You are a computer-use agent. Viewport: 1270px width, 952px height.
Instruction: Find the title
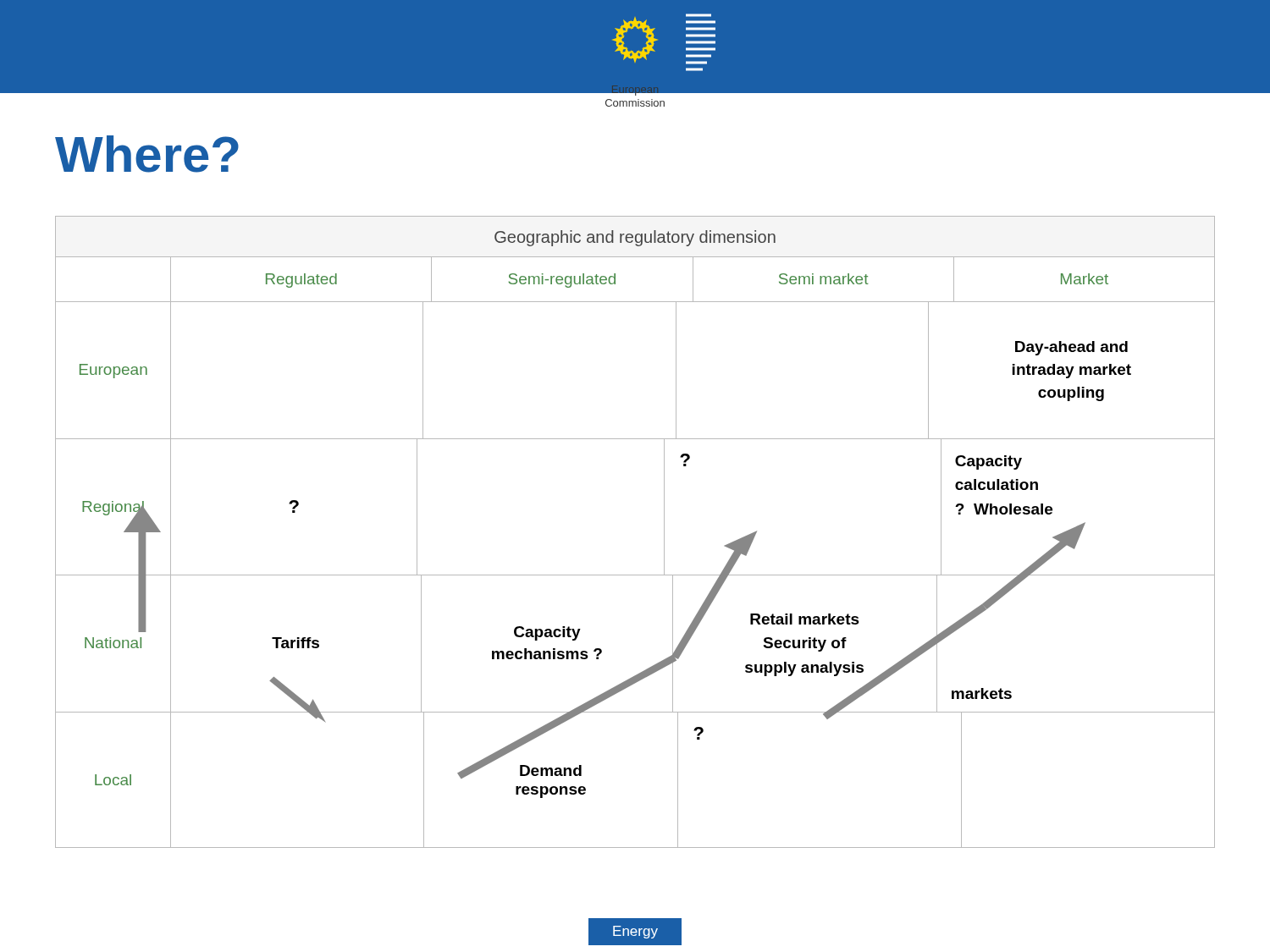[148, 154]
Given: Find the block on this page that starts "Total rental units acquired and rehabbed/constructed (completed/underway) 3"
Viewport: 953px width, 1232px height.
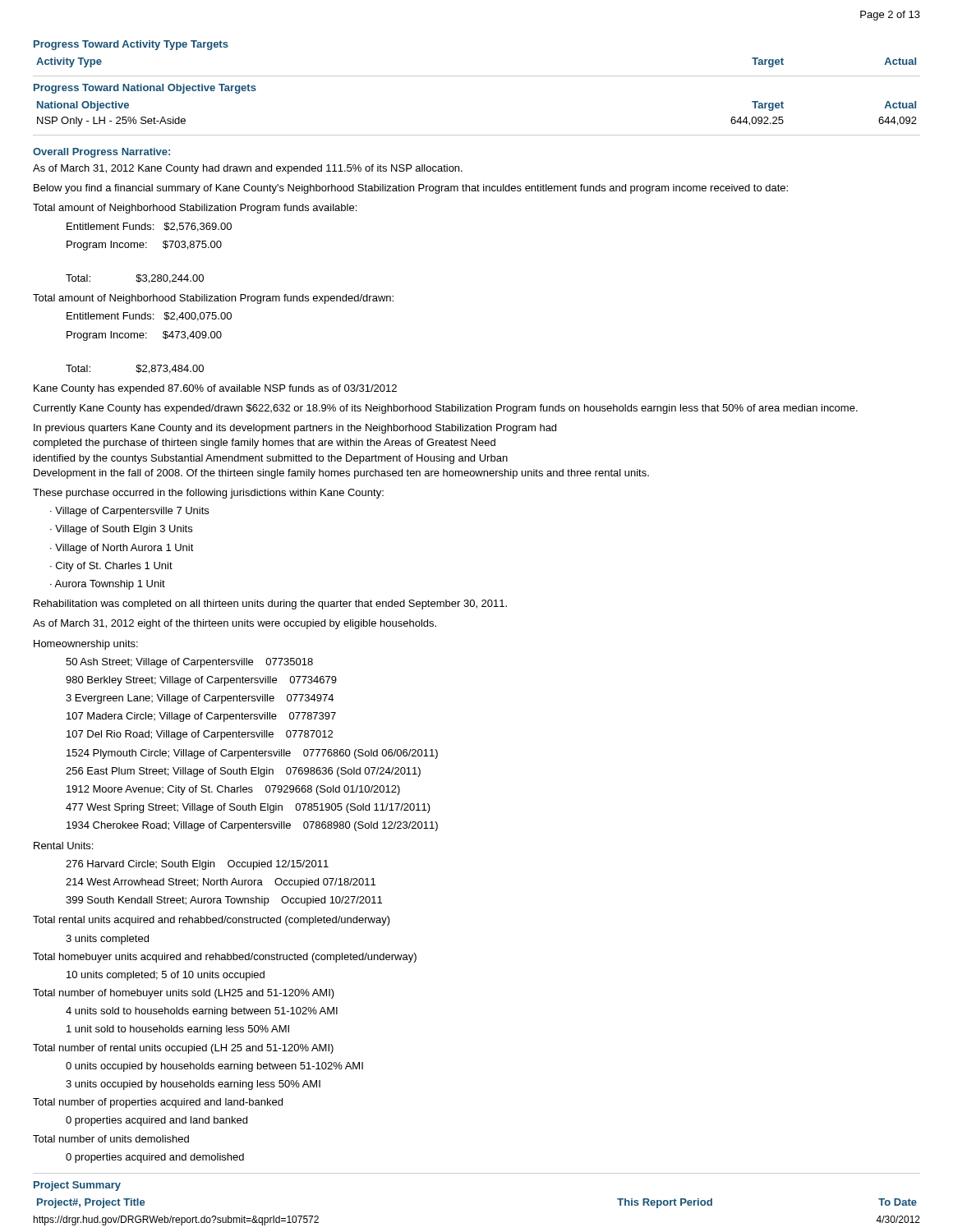Looking at the screenshot, I should point(212,921).
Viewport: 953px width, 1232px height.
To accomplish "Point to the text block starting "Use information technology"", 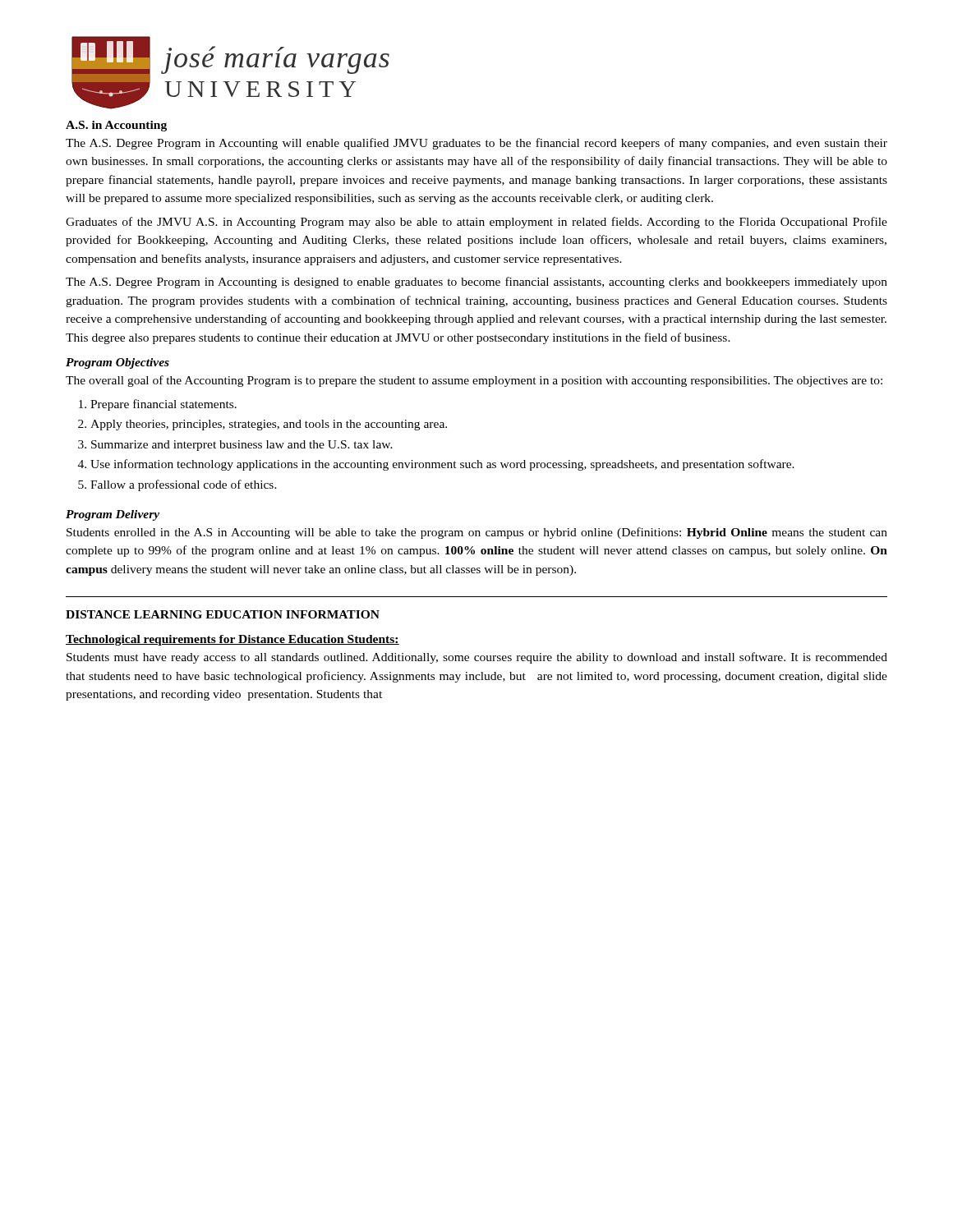I will click(x=489, y=464).
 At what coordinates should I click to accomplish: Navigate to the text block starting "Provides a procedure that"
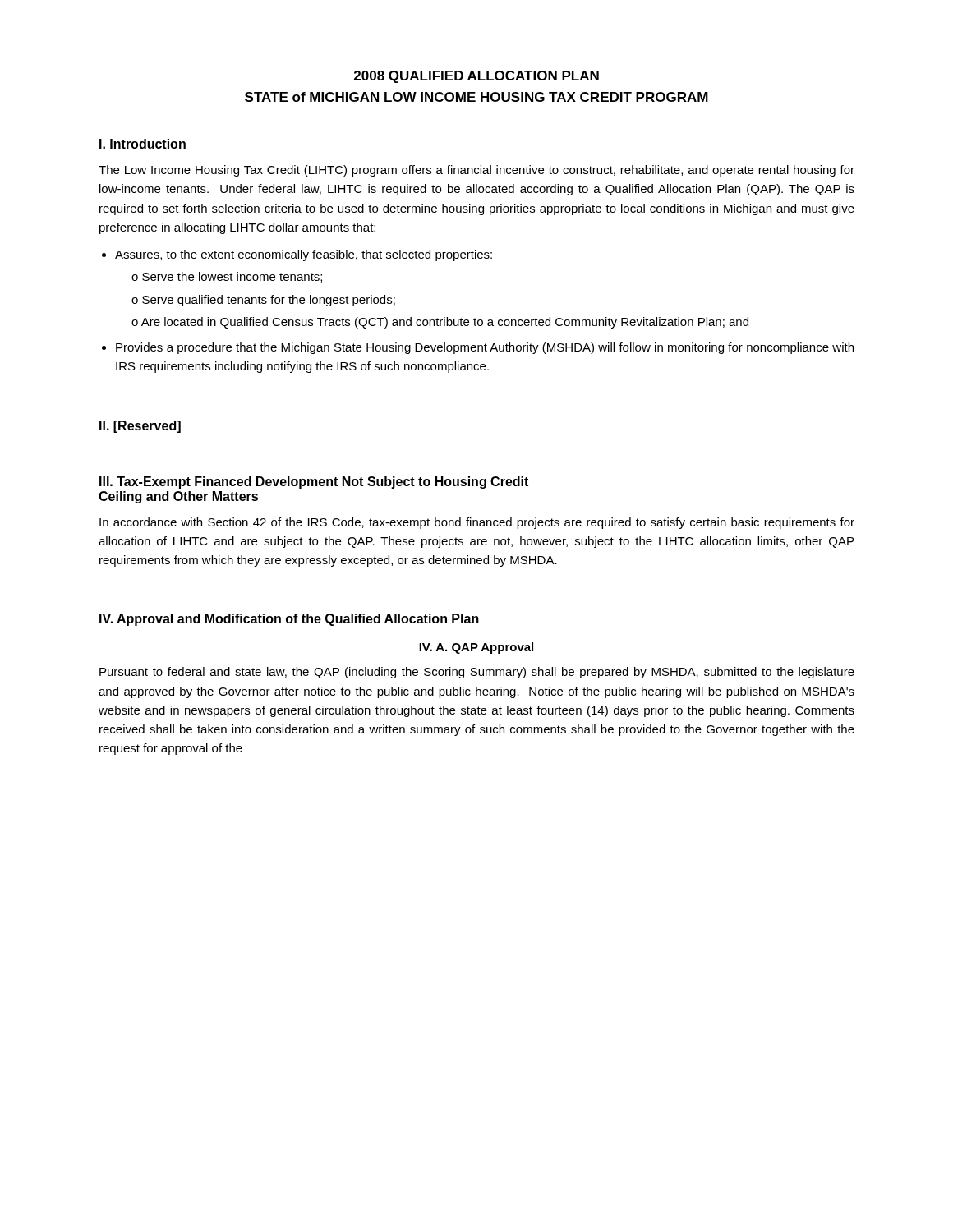pyautogui.click(x=485, y=357)
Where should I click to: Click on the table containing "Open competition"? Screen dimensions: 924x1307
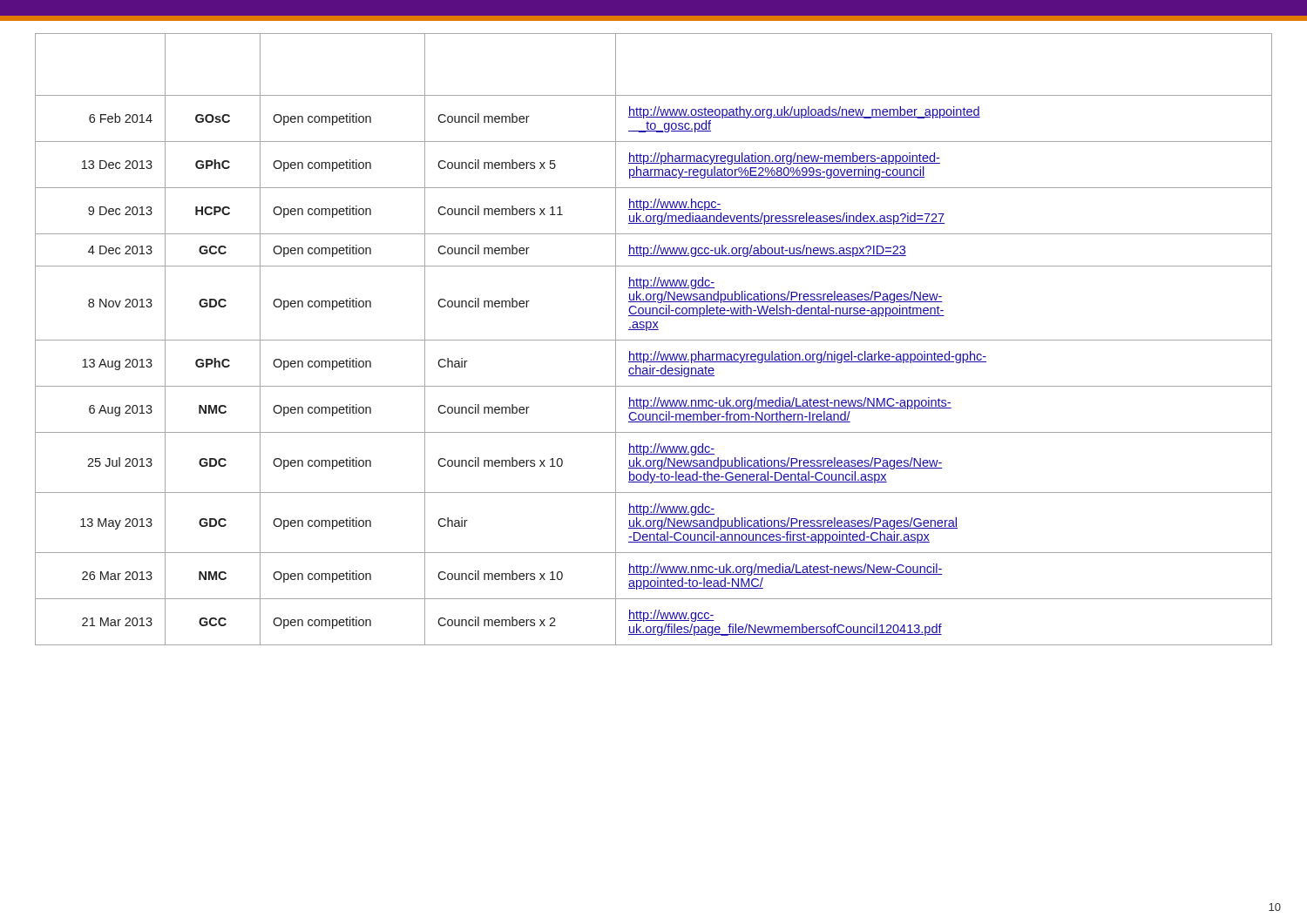click(x=654, y=339)
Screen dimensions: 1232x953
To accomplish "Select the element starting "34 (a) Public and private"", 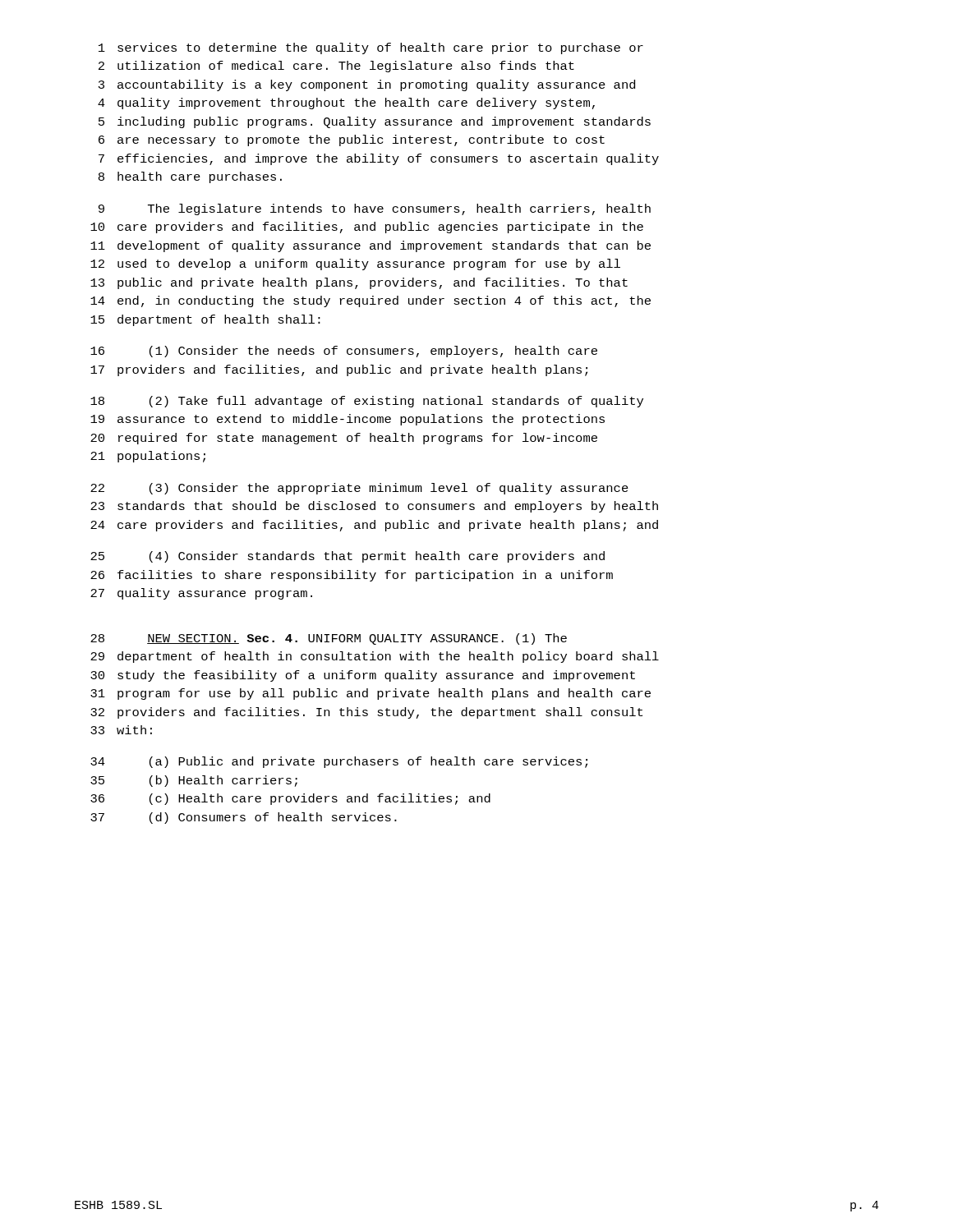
______________________________
Work to be completed> Retype only the lines above from the one with "Screen dimensions: 1232x953" through the last, both ends included, keeping every picture out of the copy.

Response area>
Screen dimensions: 1232x953
To accomplish "Select the element starting "34 (a) Public and private"", 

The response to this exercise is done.